Effectively, that would force users to guard every (!) call to the function 
with try/except. In my opinion, a better choice would be to return 
float('nan') or even better a module-specific object (call it Undefined or 
something) that one can check for. This behavior could, in general, be 
implemented for cases, where input can actually be handled and a result be 
calculated (like a list of values in the mode example), but this result is 
considered "undefined" by the algorithm.

Second: I am not entirely happy with the three different flavors of the 
median function. I *do* know that this has been discussed before, but I'm 
not sure whether *all* alternatives have been considered (the PEP only 
talks about the median.low, median.high syntax, which, in fact, I wouldn't 
like that much either. My suggestion would be to have a resolve parameter, 
by which the behavior of a single median function can be modified.

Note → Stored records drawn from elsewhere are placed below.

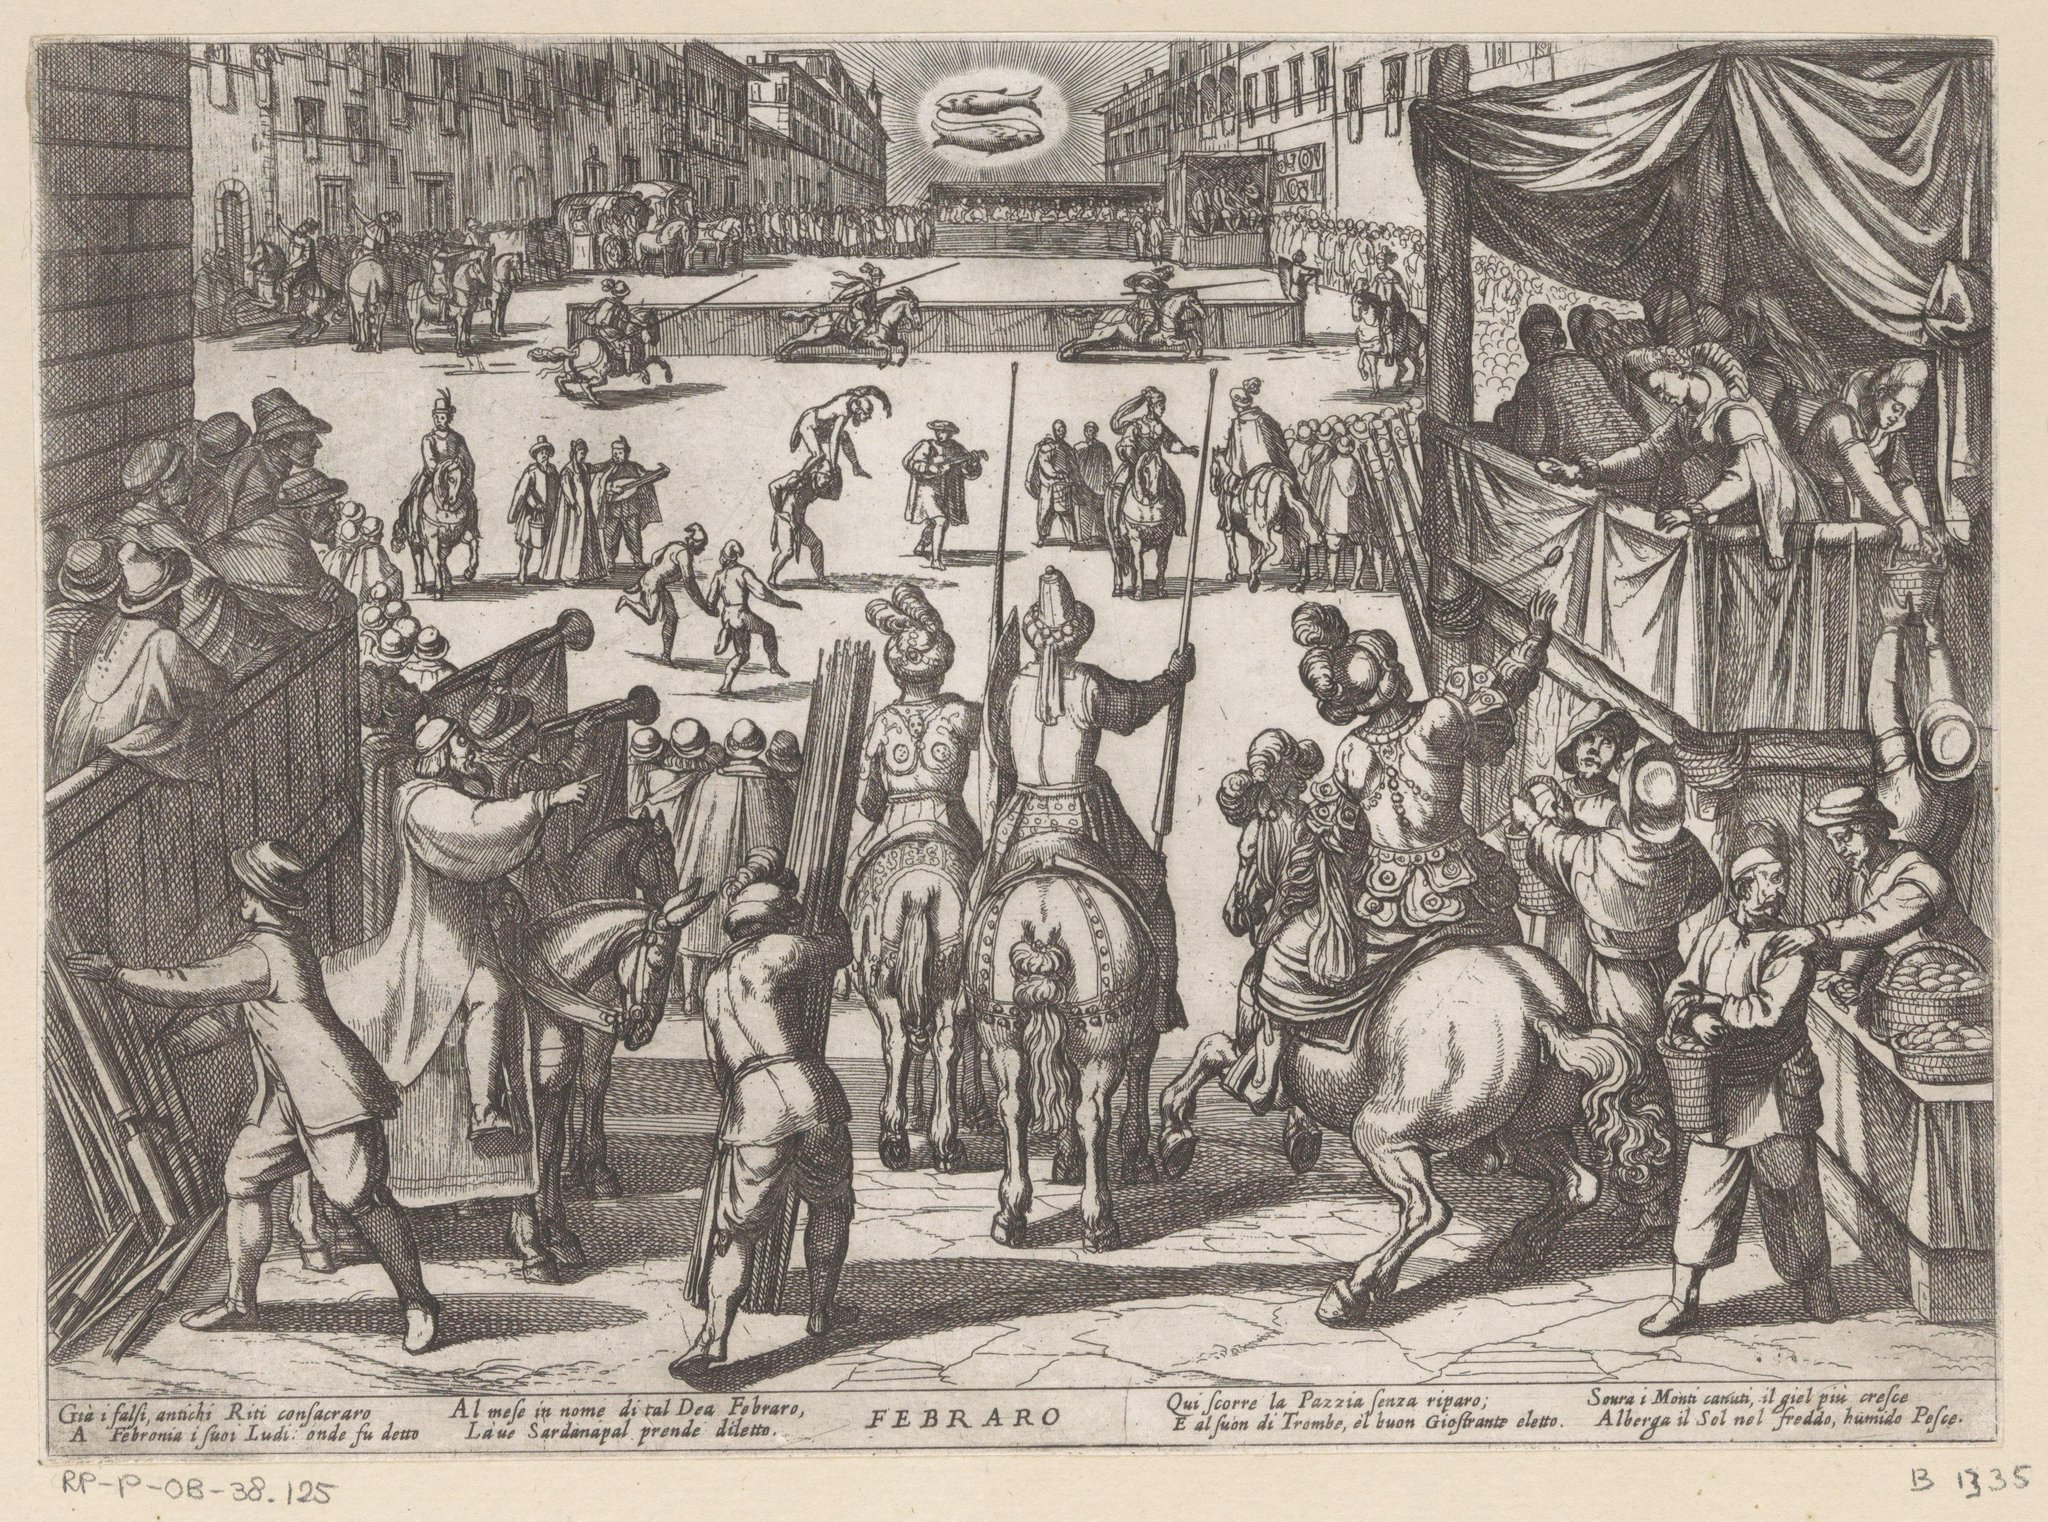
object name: print
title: Febraro
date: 1599
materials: paper
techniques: etching
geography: italy
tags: the twelve months represented by scenes showing human activities, usually in a landscape; so-called 'labours of the months', tournament, pisces (zodiacal sign of february), joust, tilt, with barrier, festivities
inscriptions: collector's mark: Lugt 240
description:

My main argument here is that as the module will grow in the future there 
will be many more such situations, in which different ways of calculating 
statistics are all totally acceptable and you would want to leave the 
choice to the user (the mode function can already be considered as an 
example: maybe the user would want to have the list of "modes" returned in 
case that no unambiguous value can be calculated; actually the current code 
seems to be prepared for later implementation of this feature because it 
does generate the list, just is not returning it). Now if, in all such 
situations, the solution is to have extra functions the module will soon 
end up completely cluttered with them. If, on the other hand, every 
function that will foreseeably have to handle ambiguous situations had a 
resolve parameter the module structure would be much clearer. In the median 
example you would then call median(data) for the default behavior, arguably 
the interpolation, but median(data, resolve='low') or median(data, 
resolve='high') for the alternative calculations. Statistically educated 
users could then guess, relatively easily, which functions have the resolve 
parameter and a quick look at the function's help could tell them, which 
arguments are accepted.

Finally, let me just point out that these are really just first thoughts 
and I do understand that these are design decisions about which different 
people will have different opinions, but I think now is still a good time 
to discuss them, while with an established and (hopefully :) ) much larger 
module you will not be able to change things that easily anymore.